Stanford researchers conducted the analysis through a randomized controlled study. They split students eligible for the virtual tutoring services into two groups. One half received 1:1 virtual tutoring for 30 minutes at least three times per week over 20 weeks. The other half continued to receive the standard instruction they typically receive but without virtual tutoring.
Students who were the furthest behind and received the virtual tutoring outperformed their peers and gained weeks or months of learning. For example, participating 1st graders had 0.82 months of learning and 4th graders gained about 2 additional months of learning.
Another promising study on virtual tutoring and student outcomes was released in January by the Center for Research and Reform on Education at Johns Hopkins University.
The researcher analyzed the impact of a 1:1 virtual tutoring literacy intervention based in the science of reading for Massachusetts students across 13 public school districts in 2024-25. The study found that the 1,872 participating 1st grade students made significant progress in decoding and early fluency skills — equivalent to over five months of additional instruction.
On average, students received 33 hours of tutoring over 36 weeks.
Additionally, the study found these literacy gains were sustained into the 2nd grade.
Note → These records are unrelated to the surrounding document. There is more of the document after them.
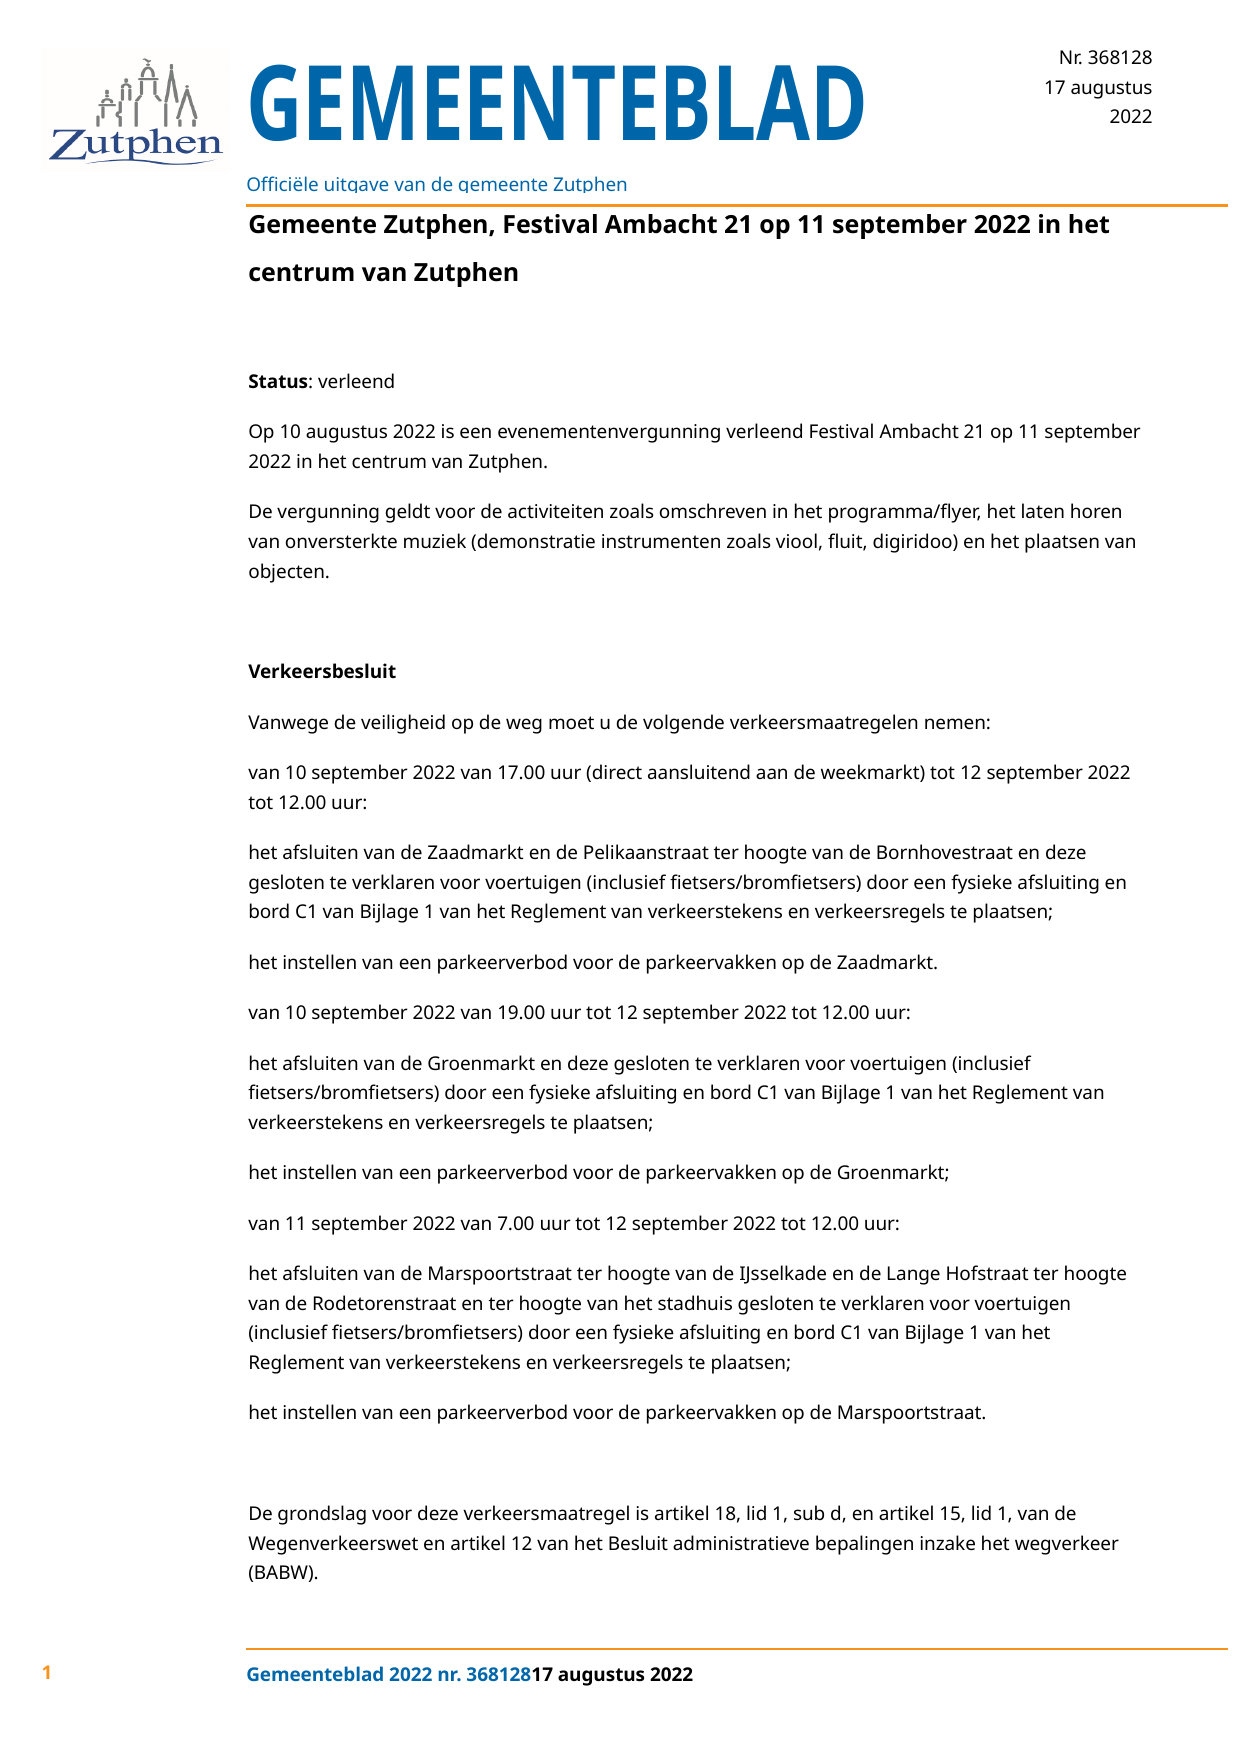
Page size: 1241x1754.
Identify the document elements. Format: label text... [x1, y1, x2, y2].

text Verkeersbesluit [248, 659, 1152, 684]
text het instellen van een parkeerverbod voor de parkeervakken op de Groenmarkt; [248, 1159, 1152, 1185]
text het afsluiten van de Marspoortstraat ter hoogte van de IJsselkade en de Lange Hofstraat ter hoogte van de Rodetorenstraat en ter hoogte van het stadhuis gesloten te verklaren voor voertuigen (inclusief fietsers/bromfietsers) door een fysieke afsluiting en bord C1 van Bijlage 1 van het Reglement van verkeerstekens en verkeersregels te plaatsen; [248, 1260, 1152, 1375]
text het instellen van een parkeerverbod voor de parkeervakken op de Zaadmarkt. [248, 949, 1152, 975]
text het instellen van een parkeerverbod voor de parkeervakken op de Marspoortstraat. [248, 1399, 1152, 1425]
text Gemeente Zutphen, Festival Ambacht 21 op 11 september 2022 in het centrum van Zutphen [248, 207, 1152, 288]
text Vanwege de veiligheid op de weg moet u de volgende verkeersmaatregelen nemen: [248, 709, 1152, 735]
text Op 10 augustus 2022 is een evenementenvergunning verleend Festival Ambacht 21 op 11 september 2022 in het centrum van Zutphen. [248, 419, 1152, 474]
text De vergunning geldt voor de activiteiten zoals omschreven in het programma/flyer, het laten horen van onversterkte muziek (demonstratie instrumenten zoals viool, fluit, digiridoo) en het plaatsen van objecten. [248, 499, 1152, 584]
text het afsluiten van de Groenmarkt en deze gesloten te verklaren voor voertuigen (inclusief fietsers/bromfietsers) door een fysieke afsluiting en bord C1 van Bijlage 1 van het Reglement van verkeerstekens en verkeersregels te plaatsen; [248, 1050, 1152, 1135]
text De grondslag voor deze verkeersmaatregel is artikel 18, lid 1, sub d, en artikel 15, lid 1, van de Wegenverkeerswet en artikel 12 van het Besluit administratieve bepalingen inzake het wegverkeer (BABW). [248, 1500, 1152, 1585]
text van 10 september 2022 van 19.00 uur tot 12 september 2022 tot 12.00 uur: [248, 999, 1152, 1025]
picture [41, 47, 231, 172]
text het afsluiten van de Zaadmarkt en de Pelikaanstraat ter hoogte van de Bornhovestraat en deze gesloten te verklaren voor voertuigen (inclusief fietsers/bromfietsers) door een fysieke afsluiting en bord C1 van Bijlage 1 van het Reglement van verkeerstekens en verkeersregels te plaatsen; [248, 839, 1152, 924]
text van 11 september 2022 van 7.00 uur tot 12 september 2022 tot 12.00 uur: [248, 1210, 1152, 1236]
text van 10 september 2022 van 17.00 uur (direct aansluitend aan de weekmarkt) tot 12 september 2022 tot 12.00 uur: [248, 759, 1152, 815]
text Status: verleend [248, 368, 1152, 394]

For students who completed the tutoring program at or above grade level by the end of 1st grade, 85% continued to read at or above grade level by the end of the 2nd grade even though they no longer received the tutoring.
“These findings show that intervening to ensure students are reading on grade level by the end of first grade is highly effective and has promising implications for district planning and policy initiatives focused on improving third-grade reading outcomes,” the Johns Hopkins report said.
These virtual high-dosage tutoring interventions come at a time when students are still trying to recover from learning loss during the COVID-19 pandemic.
NWEA, an assessment and research company, recently released a study that found about a third of schools have recovered in math or reading after the pandemic. But far fewer schools recovered in both subjects — just 1 in 7. Even though schools serving higher-poverty and historically marginalized students were less likely to fully recover, they saw the largest gains.